Case context: A researcher evaluates a new reading intervention across two pre-existing fifth-grade classrooms. She selects two classrooms in the same school where both teachers have similar teaching styles, and the students have similar baseline reading scores. After the intervention is implemented in one classroom, the researcher compares the reading scores of both classes at the end of the year.

Question: Based on the provided context, diagnose whether the researcher can definitively conclude that the reading intervention caused any observed differences in posttest reading scores, and justify your answer by explaining how the classroom selection choices affect the study's validity.

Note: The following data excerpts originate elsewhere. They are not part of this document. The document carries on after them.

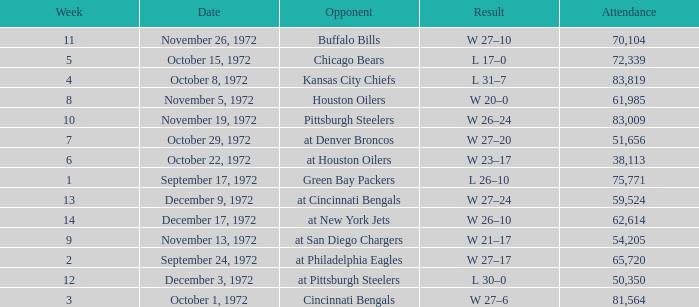What is the sum of week number(s) had an attendance of 61,985? 1.0. 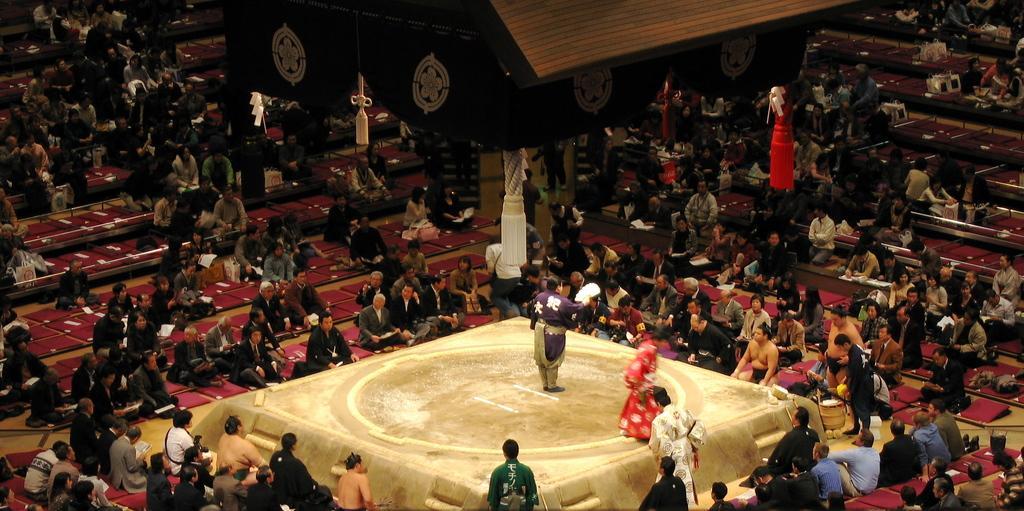How would you summarize this image in a sentence or two? This image consists of many people sitting on the ground. In the middle, it looks like a dais. On which we can see two persons. At the top, it looks like a tent. 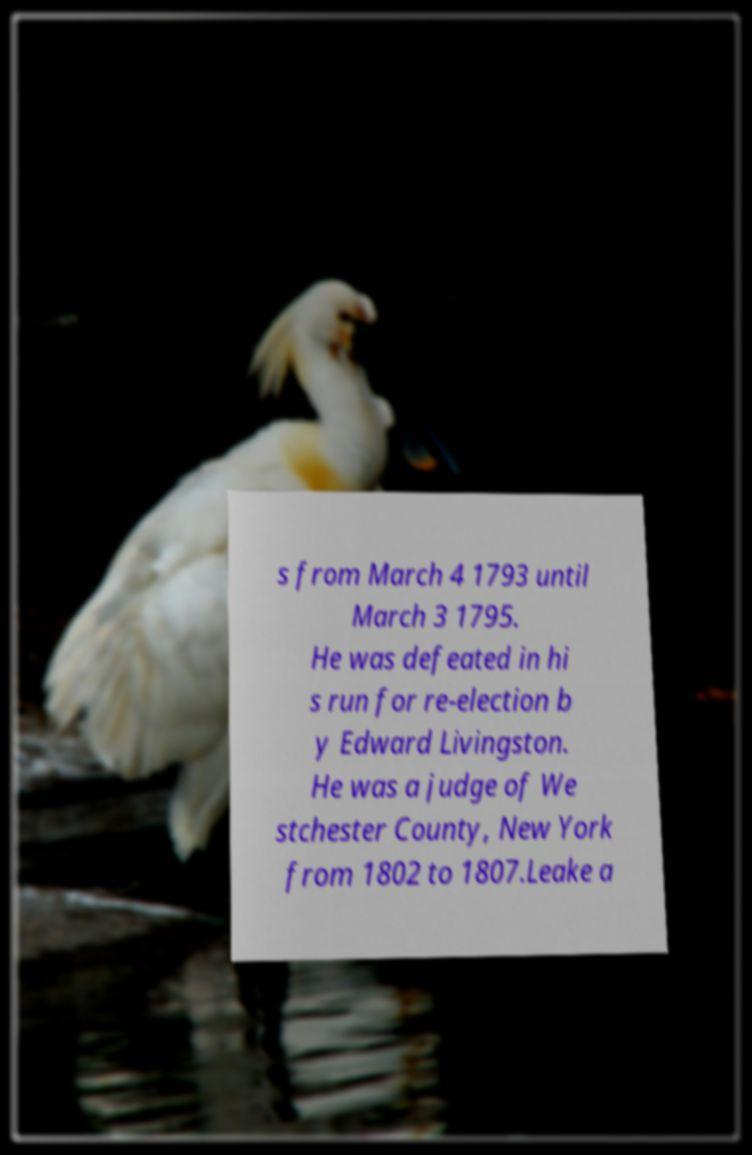Please read and relay the text visible in this image. What does it say? s from March 4 1793 until March 3 1795. He was defeated in hi s run for re-election b y Edward Livingston. He was a judge of We stchester County, New York from 1802 to 1807.Leake a

Sample answer: The researcher cannot definitively conclude that the reading intervention caused the differences in reading scores because the study lacks true random assignment of students to conditions. Although selecting classrooms from the same school with similar baseline scores and teacher styles improves the study's internal validity by eliminating major known confounds, unmeasured confounding variables (such as individual student motivation or parental involvement) may still influence the outcomes and explain the differences.

Key points:

  • Diagnose that the researcher cannot make definitive causal claims.
  • Explain that the study lacks true random assignment.
  • Acknowledge that selecting similar comparison groups (same school, similar baseline scores and teacher styles) improves internal validity by eliminating major known confounds.
  • Understand that unmeasured confounding variables may still influence the final outcomes.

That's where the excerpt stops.